The praise heaped on Adams in the wake of Gold is pleasing, but it marks the end of the part of Adams’ story that is easy to tell. It’s simple enough to list the albums he released in its wake — 2002’s Demolition (Universal), 2003’s Rock and Roll (Lost Highway) and Love Is Hell (Lost Highway), 2005’s Cold Roses and Jacksonville City Nights, and in January of 2006, 29 (Lost Highway). The volume of this output is nothing compared to the sheer amount of work Adams produced in that time. Demolition, for instance, was composed of tracks recorded for or between earlier releases, including several of the songs that had already surfaced on sprawling bootlegs of outtakes from the Heartbreaker sessions. Love Is Hell emerged from the anguished rock sound Adams claims was inspired by a 2002 tour opening for Alanis Morissette, and was almost lost in the vaults when Adams’s record company proved reluctant to release it. (Its stark cover of Oasis’s “Wonderwall,” however, proved a huge hit and earned Adams his second Grammy nomination) Rock and Roll, with its U2-ish single “So Alive,” was the more audience-friendly version of the sound that Adams came up with when asked to tone Love Is Hell down.
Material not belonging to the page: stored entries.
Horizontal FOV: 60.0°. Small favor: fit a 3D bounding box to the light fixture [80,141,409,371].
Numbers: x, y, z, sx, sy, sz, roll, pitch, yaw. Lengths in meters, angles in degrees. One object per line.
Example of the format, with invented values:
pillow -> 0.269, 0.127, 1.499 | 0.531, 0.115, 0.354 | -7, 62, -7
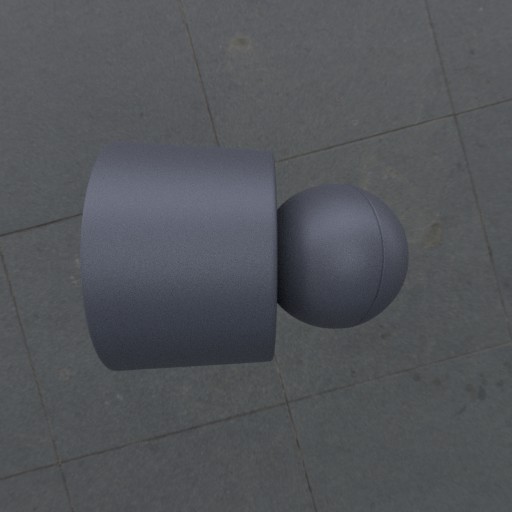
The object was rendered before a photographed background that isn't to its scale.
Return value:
light fixture -> 0.000, 0.000, 0.271 | 0.160, 0.143, 0.134 | 0, 90, 0
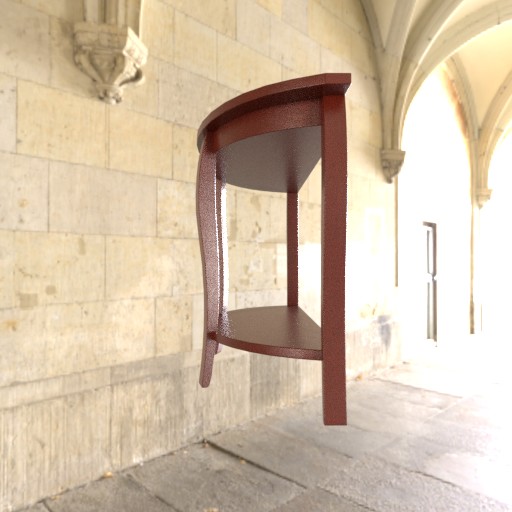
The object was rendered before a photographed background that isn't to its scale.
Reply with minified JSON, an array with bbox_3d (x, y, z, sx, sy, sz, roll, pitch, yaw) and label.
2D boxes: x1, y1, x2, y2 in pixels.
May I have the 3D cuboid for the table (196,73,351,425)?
[{"bbox_3d":[0.000,0.000,1.562,0.405,0.779,1.219,0,-1,0],"label":"table"}]
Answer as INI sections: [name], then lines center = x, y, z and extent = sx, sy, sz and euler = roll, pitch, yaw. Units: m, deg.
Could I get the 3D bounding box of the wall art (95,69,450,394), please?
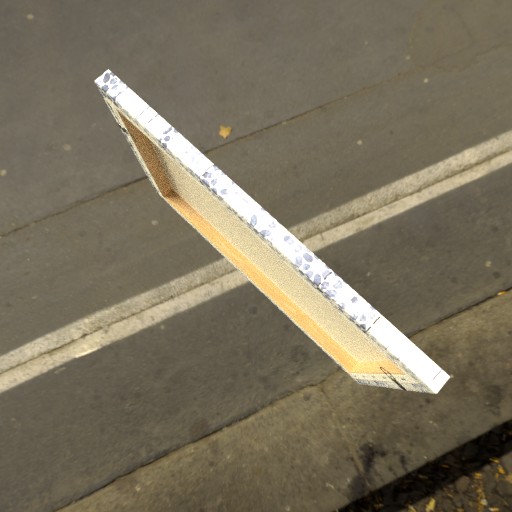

And the three 2005/2006 records marked the beginning of Adams’s fruitful collaboration with The Cardinals — the double-disc Cold Roses is particularly fine, full of spectacular pedal-steel-inflected songs and immaculately sequenced, while the relatively slight Jacksonville City Nights, a throwaway that most artists would hold up as a masterpiece, seems almost a response to the classic criticism of Adams as a songwriting machine in need of an editor.

 

In the midst of all this, Adams popped up in the tabloids as arm-candy for several Hollywood starlets, a booze and drug-hound of epic proportions, and the victim of an occasional wrist-breaking tumble off a stage. He also popped up as a collaborator with The Grateful Dead’s Phil Lesh, the perpetrator of a weird punk project with Jesse Malin whose album was called We Are Fuck You, and the producer of Willie Nelson’s lovely 2006 LP Songbird (Lost Highway), a highlight of which was Adams’s own gorgeous “Blue Hotel.”

 

With 2007’s Easy Tiger (Lost Highway), ostensibly a solo record but shaped and highlighted by sensitive session work from The Cardinals, Adams announced that he’d put his wild years of substance abuse and inconsistency behind him. 2008 saw another release, Cardinology, his fourth record recorded with his back up band The Cardinals. In 2009 Ryan married pop singer Mandy Moore.One of Adams' less endearing traits- mainly to his detractors- is his constant need to hop genres and prove his mettle in other musical areas. Such was the case when he made ORION- a self proclimed sci-fi heavy metal record, which was only available on the internet, in limited run. Recorded on 2006, it was finally released in 2010, after he finally split with his back up band The Cardinals. This, along with his "punk" band, The Finger- shows the carpetbagging tendencies Adams seems so in love with, creating alternate variations on his musical history through generic attempts at aligning himself with music he seems to have no natural facility for. Like many musicians, Adams has an afinity for many different styles, but his attempts to live outside the MOR mainstream rock and americana he performs so well smacks of disingenous posturing from a petulant poser wanting to be seen as more than the sum of his parts. Sadly, none of his dabblings amount to much more than unbelievable, fake hype designed to make him look cooler than he probably is.

 

Luckily, he bounced back with 2010's earthy double whammy ,III/IV, his last with The Cardinals. He followed this with a soulful, more acoustic driven set called Ashes & Fire in 2011, which entered the Billboard Top Ten upon it's release. 2014's simply titled Ryan Adams seems to capture the true essence of the man and his muse- a classic rock country musician presenting tough melodies and symapthetic arrangements that should allow him to take place among those he most seems to reflect- Tom Petty, John Mellencamp, Steve Forbet, Bryan Adams, Henry Lee Summer, Willie Nile, Jason & The Scorchers, and Lucinda Williams. An impressive list indeed.